— Если я буду вести, то буду и давать вам законы. Понравится вам это? А власти, чтоб заставлять подчиняться, у меня нет; власть — вон у кого!
Я показал на критянина. Тот снова сидел в своем кресле и подрезал ногти.
— Если хочешь, мы поклянемся, — сказал Аминтор.
— Да, хочу. Мы должны поклясться стоять друг за друга. Если кто не согласен — пусть говорит сразу, сейчас. Вы тоже, девушки. Я зову вас на собрание. Положение у нас необычное, так что и законы должны быть свои.
Афинские девушки, не привыкшие к общественным делам, отодвинулись, стали шептаться. Потом Меланто сказала:
— Мы сейчас не в своей стране, потому нас должен вести мужчина. У минойцев всегда был такой закон. Я голосую за Тезея.
— Одна есть, — говорю. — А что остальные шесть?
Меланто повернулась к ним и говорит — насмешливо так:
— Вы что, и слова сказать не можете? Так поднимите хоть руку. Вы же слышали, что он сказал!
Пять подняли руки, а сероглазая, златоволосая Хриза сказала серьезно:
— Я голосую за Тезея.
Я повернулся к парням:
— Кто против? На Крите нам придется зависеть друг от друга. Говорите сейчас. Там я не потерплю никакого недовольства, клянусь головой отца.
Маменькин сынок Ирий на этот раз сказал очень серьезно, без обычных своих ужимок:
— Никто не против, Тезей. Нас всех взяли, а ты сам отдал себя богу. Никто, кроме тебя, не может быть царем.
— Ну что ж, — говорю, — да будет так во имя его. Нам нужен жезл для оратора.
Вокруг не было ничего подходящего, кроме веретена: Феба его крутила, чтоб скоротать время.
— Выкинь свою пряжу, сестренка, — говорю, — на Крите тебе понадобится другое искусство.

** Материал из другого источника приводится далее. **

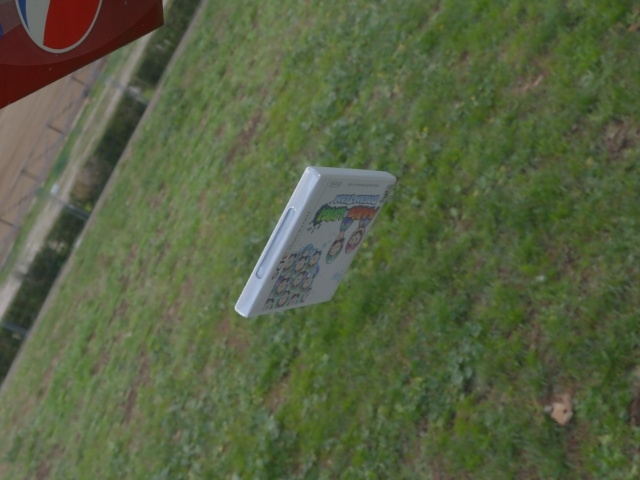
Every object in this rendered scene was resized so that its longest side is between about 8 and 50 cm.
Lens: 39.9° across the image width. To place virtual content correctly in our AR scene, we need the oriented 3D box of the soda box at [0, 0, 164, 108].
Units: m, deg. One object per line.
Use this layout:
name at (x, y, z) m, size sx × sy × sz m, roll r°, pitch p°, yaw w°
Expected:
soda box at (-0.166, -0.101, 0.360) m, size 0.263 × 0.083 × 0.092 m, roll -51°, pitch -31°, yaw -54°

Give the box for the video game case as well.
video game case at (0.000, 0.000, 0.801) m, size 0.019 × 0.157 × 0.143 m, roll 35°, pitch 108°, yaw 23°
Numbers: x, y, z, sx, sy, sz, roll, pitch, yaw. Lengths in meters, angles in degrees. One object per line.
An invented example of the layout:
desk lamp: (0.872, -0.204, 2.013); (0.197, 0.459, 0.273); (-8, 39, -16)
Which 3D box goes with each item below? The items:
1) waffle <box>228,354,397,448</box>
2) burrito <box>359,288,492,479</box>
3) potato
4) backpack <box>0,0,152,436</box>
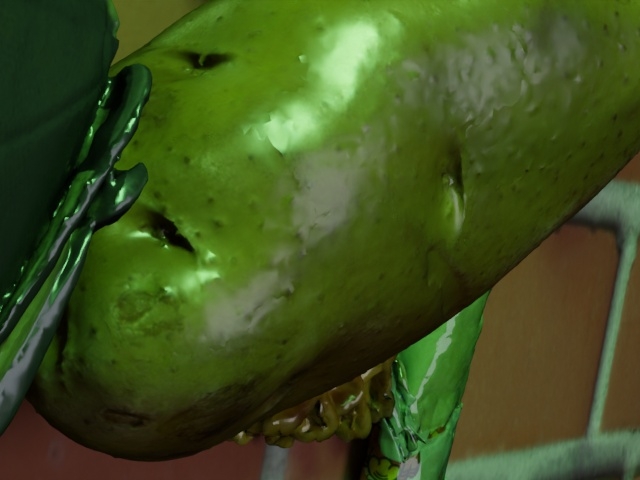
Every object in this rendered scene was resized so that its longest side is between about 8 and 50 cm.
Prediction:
waffle: (0.000, 0.000, 0.975); (0.231, 0.051, 0.228); (9, 96, -63)
burrito: (0.049, 0.111, 1.117); (0.104, 0.054, 0.288); (16, 88, -62)
potato: (0.019, -0.038, 0.786); (0.369, 0.176, 0.195); (-29, 120, -27)
backpack: (-0.156, -0.003, 0.561); (0.207, 0.140, 0.253); (22, 82, -62)
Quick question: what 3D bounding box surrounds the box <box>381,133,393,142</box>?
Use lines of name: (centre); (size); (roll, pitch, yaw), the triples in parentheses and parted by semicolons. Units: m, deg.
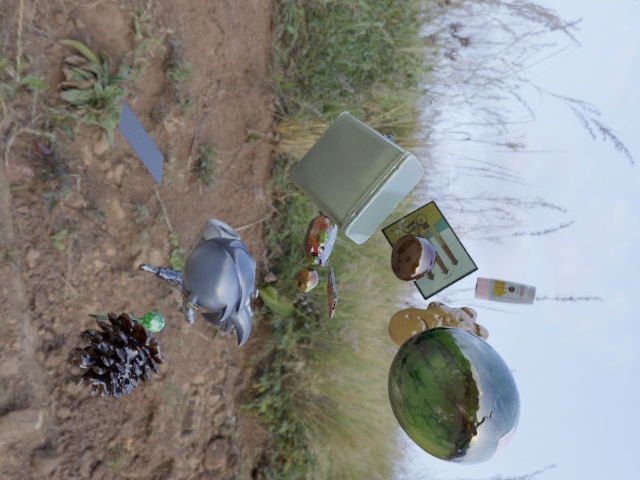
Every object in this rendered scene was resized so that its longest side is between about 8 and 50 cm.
box: (0.234, -0.358, 2.493); (0.350, 0.091, 0.359); (-65, -169, 2)

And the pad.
pad: (-0.776, -0.420, 2.172); (0.330, 0.004, 0.220); (66, 9, -46)

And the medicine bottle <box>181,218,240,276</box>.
medicine bottle: (-0.380, 0.046, 1.698); (0.215, 0.135, 0.135); (-55, -159, 10)

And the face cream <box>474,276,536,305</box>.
face cream: (0.642, 0.177, 1.735); (0.057, 0.198, 0.084); (59, 41, -61)

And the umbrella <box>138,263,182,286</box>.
umbrella: (-0.677, 0.153, 2.192); (0.071, 0.248, 0.071); (-20, -120, 39)

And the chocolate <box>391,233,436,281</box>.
chocolate: (0.324, 0.065, 1.790); (0.177, 0.177, 0.176); (179, -90, -77)

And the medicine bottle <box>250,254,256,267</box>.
medicine bottle: (-0.260, 0.081, 1.613); (0.203, 0.083, 0.083); (104, -15, -89)

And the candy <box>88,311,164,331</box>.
candy: (-0.866, 0.352, 2.233); (0.097, 0.323, 0.097); (-171, -90, -70)

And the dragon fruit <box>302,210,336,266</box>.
dragon fruit: (0.000, 0.000, 2.335); (0.295, 0.130, 0.268); (80, 34, -72)

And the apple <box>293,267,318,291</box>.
apple: (-0.063, 0.168, 2.194); (0.099, 0.102, 0.114); (55, -42, 16)

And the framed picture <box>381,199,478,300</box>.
framed picture: (0.420, 0.034, 1.924); (0.324, 0.244, 0.013); (59, -3, 14)

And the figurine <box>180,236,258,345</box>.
figurine: (-0.230, 0.116, 1.172); (0.197, 0.175, 0.265); (-55, 149, -54)

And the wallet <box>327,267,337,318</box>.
wallet: (0.043, 0.203, 1.945); (0.196, 0.020, 0.103); (-96, -167, -57)

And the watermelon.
watermelon: (0.347, 0.404, 1.322); (0.363, 0.363, 0.363); (179, -90, -77)

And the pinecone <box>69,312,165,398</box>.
pinecone: (-0.726, 0.404, 1.745); (0.298, 0.296, 0.242); (42, -17, 10)

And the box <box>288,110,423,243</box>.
box: (0.118, -0.233, 1.783); (0.344, 0.352, 0.177); (44, 6, 28)

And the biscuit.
biscuit: (0.428, 0.317, 1.831); (0.275, 0.355, 0.052); (-98, -172, -57)

Она бросила, и мы превратили веретено в жезл. Я взял его.
— Вот наш первый закон, — говорю. — Мы все — одна семья. Не афиняне, не элевсинцы, а все вместе. Если кто-то родился во дворце — быки этого знать не будут; так что гордость свою храните, но о рангах забудьте. Здесь нет ни эллинов, ни минойцев, ни аристократов, ни простолюдинов… Здесь нет даже женщин и мужчин. Девушки должны остаться девственны, иначе потеряют жизнь. Каждый мужчина, кто забудет об этом, — клятвопреступник. Скоро мы станем бычьими плясунами, мужчины и женщины — одинаково. Мы не можем быть больше, чем товарищами, — давайте же поклянемся, что никогда не будем меньше, чем товарищами.

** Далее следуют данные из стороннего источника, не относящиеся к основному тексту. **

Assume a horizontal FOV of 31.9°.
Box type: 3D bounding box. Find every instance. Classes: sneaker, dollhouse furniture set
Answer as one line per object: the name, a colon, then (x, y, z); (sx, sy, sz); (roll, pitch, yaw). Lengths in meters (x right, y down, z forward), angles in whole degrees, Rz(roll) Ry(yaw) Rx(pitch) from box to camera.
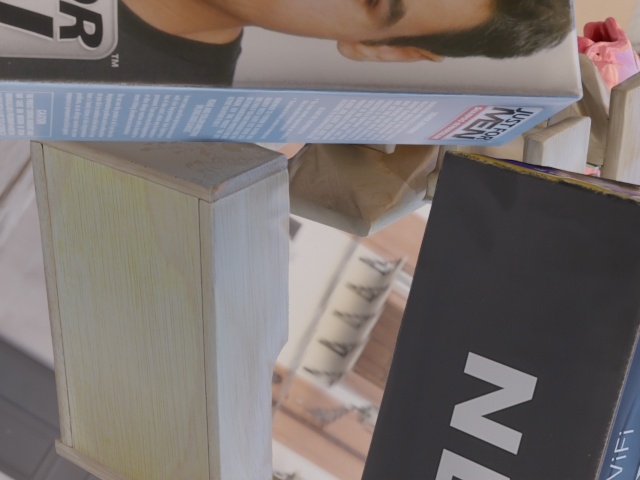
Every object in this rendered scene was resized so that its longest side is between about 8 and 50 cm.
sneaker: (0.271, -0.144, 1.206); (0.116, 0.136, 0.314); (-8, -155, 35)
dollhouse furniture set: (0.000, 0.000, 0.840); (0.394, 0.362, 0.256); (-29, 129, -46)

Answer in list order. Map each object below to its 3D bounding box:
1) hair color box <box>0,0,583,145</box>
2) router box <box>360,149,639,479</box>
hair color box: (-0.062, -0.152, 0.587); (0.113, 0.374, 0.185); (148, -59, -73)
router box: (0.103, 0.132, 0.437); (0.243, 0.081, 0.309); (5, 102, -53)
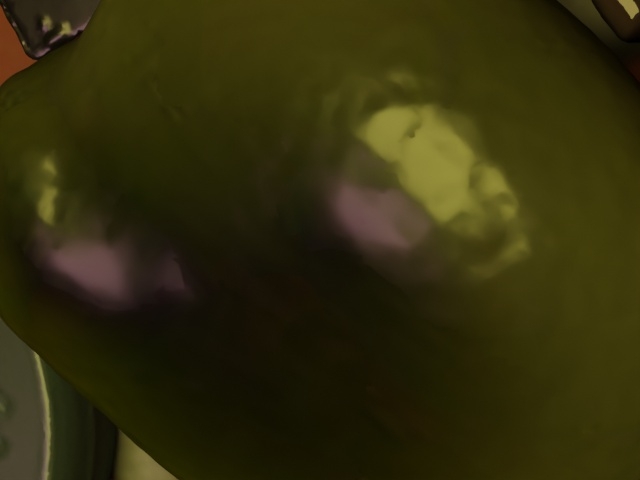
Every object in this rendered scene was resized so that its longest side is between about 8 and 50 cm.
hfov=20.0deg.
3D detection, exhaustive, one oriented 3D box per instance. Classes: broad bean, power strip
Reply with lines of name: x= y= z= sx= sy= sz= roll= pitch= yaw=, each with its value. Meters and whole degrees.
broad bean: x=-0.001 y=0.000 z=0.634 sx=0.291 sy=0.119 sz=0.238 roll=14 pitch=118 yaw=27
power strip: x=-0.168 y=0.088 z=0.773 sx=0.168 sy=0.054 sz=0.253 roll=8 pitch=98 yaw=26

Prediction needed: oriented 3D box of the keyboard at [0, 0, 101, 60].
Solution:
keyboard: x=-0.043 y=-0.153 z=0.704 sx=0.231 sy=0.023 sz=0.072 roll=-29 pitch=89 yaw=26

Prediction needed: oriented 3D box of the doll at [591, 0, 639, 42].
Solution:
doll: x=0.129 y=-0.146 z=0.566 sx=0.257 sy=0.117 sz=0.182 roll=36 pitch=108 yaw=18
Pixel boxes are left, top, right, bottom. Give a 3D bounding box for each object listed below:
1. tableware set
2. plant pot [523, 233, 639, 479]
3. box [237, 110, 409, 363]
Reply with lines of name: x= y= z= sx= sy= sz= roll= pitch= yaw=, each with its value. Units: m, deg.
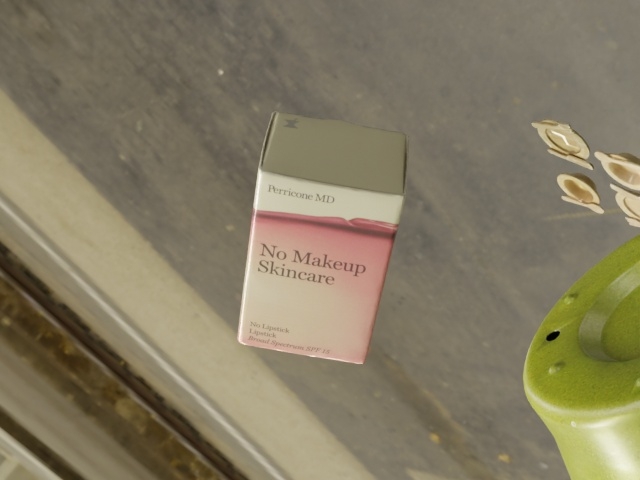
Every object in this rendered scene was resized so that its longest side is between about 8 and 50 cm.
tableware set: x=0.303 y=-0.067 z=0.947 sx=0.141 sy=0.020 sz=0.168 roll=28 pitch=165 yaw=43
plant pot: x=0.346 y=0.167 z=0.649 sx=0.353 sy=0.366 sz=0.366 roll=50 pitch=152 yaw=-11
box: x=0.000 y=0.000 z=0.941 sx=0.149 sy=0.127 sz=0.232 roll=9 pitch=127 yaw=0
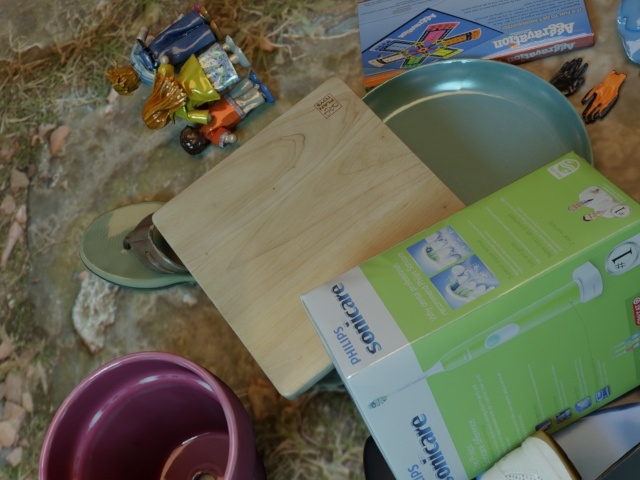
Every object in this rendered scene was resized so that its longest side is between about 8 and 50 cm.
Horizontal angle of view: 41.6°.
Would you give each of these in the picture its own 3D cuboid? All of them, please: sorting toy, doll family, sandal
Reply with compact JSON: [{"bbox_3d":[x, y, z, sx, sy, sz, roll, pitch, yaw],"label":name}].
[{"bbox_3d":[0.000,0.000,0.900,0.257,0.089,0.255,-38,65,-5],"label":"sorting toy"},{"bbox_3d":[-0.195,-0.230,1.125,0.163,0.118,0.263,-37,59,-1],"label":"doll family"},{"bbox_3d":[-0.158,-0.001,1.015,0.303,0.086,0.120,4,66,21],"label":"sandal"}]

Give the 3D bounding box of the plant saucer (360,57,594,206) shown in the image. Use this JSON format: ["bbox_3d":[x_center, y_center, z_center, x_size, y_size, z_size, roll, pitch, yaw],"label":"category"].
[{"bbox_3d":[0.149,-0.069,0.971,0.318,0.043,0.317,-8,63,15],"label":"plant saucer"}]

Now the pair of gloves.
[{"bbox_3d":[0.308,-0.177,0.990,0.083,0.010,0.074,31,79,32],"label":"pair of gloves"}]

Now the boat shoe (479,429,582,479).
[{"bbox_3d":[0.215,0.289,0.678,0.096,0.098,0.277,-35,42,9],"label":"boat shoe"}]

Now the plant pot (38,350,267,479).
[{"bbox_3d":[-0.143,0.231,0.838,0.201,0.180,0.201,-8,62,16],"label":"plant pot"}]

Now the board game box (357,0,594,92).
[{"bbox_3d":[0.189,-0.275,1.070,0.281,0.027,0.145,-10,60,14],"label":"board game box"}]

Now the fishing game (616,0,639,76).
[{"bbox_3d":[0.440,-0.253,0.968,0.189,0.041,0.264,-37,64,8],"label":"fishing game"}]

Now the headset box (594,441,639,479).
[{"bbox_3d":[0.363,0.205,0.635,0.293,0.110,0.218,-26,63,-28],"label":"headset box"}]

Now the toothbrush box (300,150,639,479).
[{"bbox_3d":[0.157,0.084,0.766,0.283,0.206,0.122,-29,39,-4],"label":"toothbrush box"}]

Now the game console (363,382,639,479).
[{"bbox_3d":[0.243,0.295,0.746,0.387,0.060,0.342,-14,61,11],"label":"game console"}]

Я собрал их в круг — критская жрица всполошилась, не лезут ли под юбки, — и взял с них сильную клятву. Клятва и должна была быть страшной: ведь кроме нее, кроме нашего общего несчастья, нас ничто не связывало тогда… После клятвы ребята стали выглядеть лучше. Это всегда так, когда испуганным людям дают какое-то занятие.

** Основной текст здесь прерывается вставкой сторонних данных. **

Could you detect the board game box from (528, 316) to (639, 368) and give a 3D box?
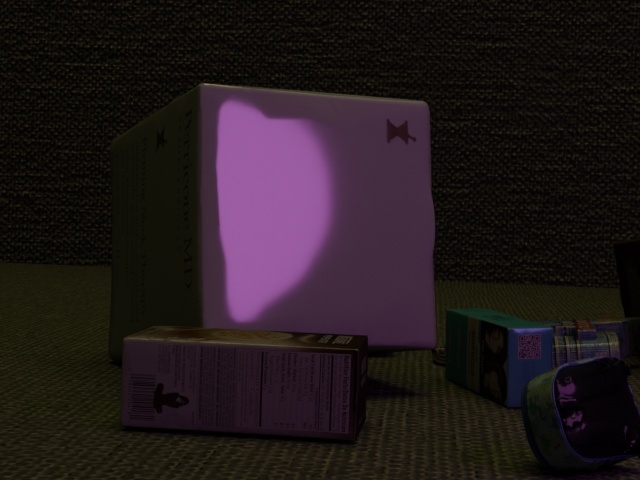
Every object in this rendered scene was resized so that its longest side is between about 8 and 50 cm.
[{"bbox_3d":[0.399,0.154,2.033,0.194,0.060,0.194,-4,2,7],"label":"board game box"}]

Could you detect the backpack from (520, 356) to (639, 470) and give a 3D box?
[{"bbox_3d":[0.241,0.169,1.265,0.114,0.105,0.084,-1,-19,-41],"label":"backpack"}]

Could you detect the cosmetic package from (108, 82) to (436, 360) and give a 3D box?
[{"bbox_3d":[-0.078,-0.005,1.805,0.327,0.329,0.394,2,-8,-25],"label":"cosmetic package"}]

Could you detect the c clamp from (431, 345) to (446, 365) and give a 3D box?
[{"bbox_3d":[0.233,0.155,2.037,0.161,0.022,0.137,-25,15,-28],"label":"c clamp"}]

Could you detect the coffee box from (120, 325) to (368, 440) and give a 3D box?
[{"bbox_3d":[-0.076,0.149,1.426,0.246,0.098,0.141,2,3,6],"label":"coffee box"}]

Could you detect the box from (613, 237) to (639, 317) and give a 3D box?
[{"bbox_3d":[0.563,0.082,2.084,0.143,0.191,0.381,-9,-1,2],"label":"box"}]

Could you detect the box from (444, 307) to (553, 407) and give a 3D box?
[{"bbox_3d":[0.227,0.149,1.731,0.060,0.100,0.244,0,2,-13],"label":"box"}]
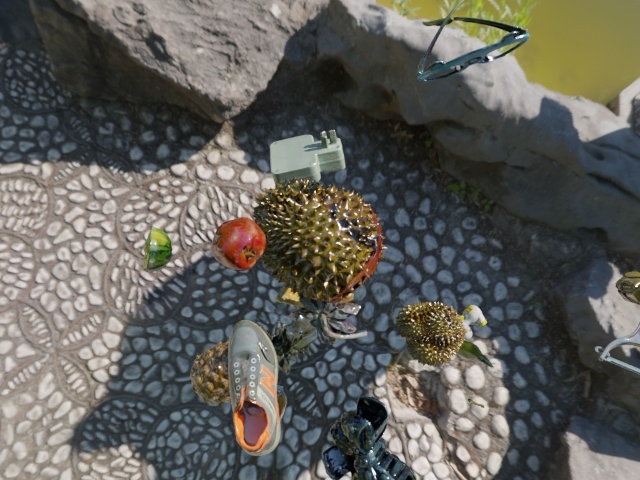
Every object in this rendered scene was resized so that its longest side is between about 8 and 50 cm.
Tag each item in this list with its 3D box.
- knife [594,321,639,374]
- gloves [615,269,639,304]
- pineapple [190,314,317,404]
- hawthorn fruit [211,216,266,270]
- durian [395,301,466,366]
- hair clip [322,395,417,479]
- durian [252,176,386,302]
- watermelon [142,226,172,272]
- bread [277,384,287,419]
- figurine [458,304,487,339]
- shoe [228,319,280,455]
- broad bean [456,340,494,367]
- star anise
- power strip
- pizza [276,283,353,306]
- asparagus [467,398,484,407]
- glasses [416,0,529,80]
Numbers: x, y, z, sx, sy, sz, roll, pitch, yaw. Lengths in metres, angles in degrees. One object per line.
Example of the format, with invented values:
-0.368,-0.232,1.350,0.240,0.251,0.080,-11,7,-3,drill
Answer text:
0.673,0.146,0.916,0.123,0.053,0.278,24,76,39,knife
0.951,0.145,1.233,0.141,0.331,0.154,-44,87,1,gloves
-0.149,0.275,1.057,0.310,0.170,0.141,-30,42,18,pineapple
-0.127,0.010,0.719,0.093,0.093,0.093,-1,76,3,hawthorn fruit
0.273,0.228,1.110,0.168,0.137,0.158,-8,101,11,durian
0.136,0.629,1.339,0.206,0.194,0.310,-23,91,42,hair clip
-0.001,-0.004,1.228,0.385,0.347,0.347,4,75,-21,durian
-0.372,0.024,1.035,0.062,0.105,0.105,9,76,-20,watermelon
-0.171,0.537,1.376,0.107,0.241,0.136,23,49,6,bread
0.569,0.334,1.803,0.178,0.130,0.109,-48,38,8,figurine
-0.098,0.208,0.650,0.074,0.077,0.194,-10,72,0,shoe
0.517,0.394,1.685,0.077,0.339,0.061,22,87,-27,broad bean
0.024,0.230,1.357,0.262,0.081,0.230,34,100,1,star anise
-0.051,-0.308,1.614,0.261,0.141,0.229,-11,40,2,power strip
-0.032,0.202,1.913,0.324,0.089,0.223,1,40,-12,pizza
0.542,0.568,1.572,0.016,0.166,0.013,-18,56,30,asparagus
0.324,-0.452,1.008,0.239,0.102,0.206,-14,58,20,glasses

— Теперь мы все дети одного дома, — говорю. — Нам надо было бы выбрать себе имя.
Пока я это говорил, Хриза подняла свои огромные глаза к небу, а оттуда донесся глухой крик. С острова на остров перелетала стая журавлей. Они шли ровной линией, вытянув длинные шеи…
— Смотрите, — говорю, — Хриза увидела знак! Журавли ведь тоже танцоры. Все знают танец журавлей, мы будем — Журавли. А теперь, прежде всего остального, мы вверим себя Вечноживущему Зевсу и Великой Матери. Наших богов мы тоже будем чтить вместе и одинаково, чтоб никому не было обидно. Меланто, ты будешь нашей жрицей, ты будешь взывать к Матери. Но не надо никаких женских таинств — у Журавлей все общее.
По правде сказать, я рад был поводу оказать почтение Матери: она ведь не любит мужчин, которые правят, а на Крите она главная…
— Ну, — говорю, — совет наш продолжается. Кто-нибудь хочет говорить?
Изящный мальчик, которого я где-то видел, протянул руку. Теперь я вспомнил где: это он чистил сбрую в конюшне, когда я ждал там отца. Даже не глянув на элевсинцев, я отдал ему жезл. Они, — оба из гвардии моей, — их как громом поразило.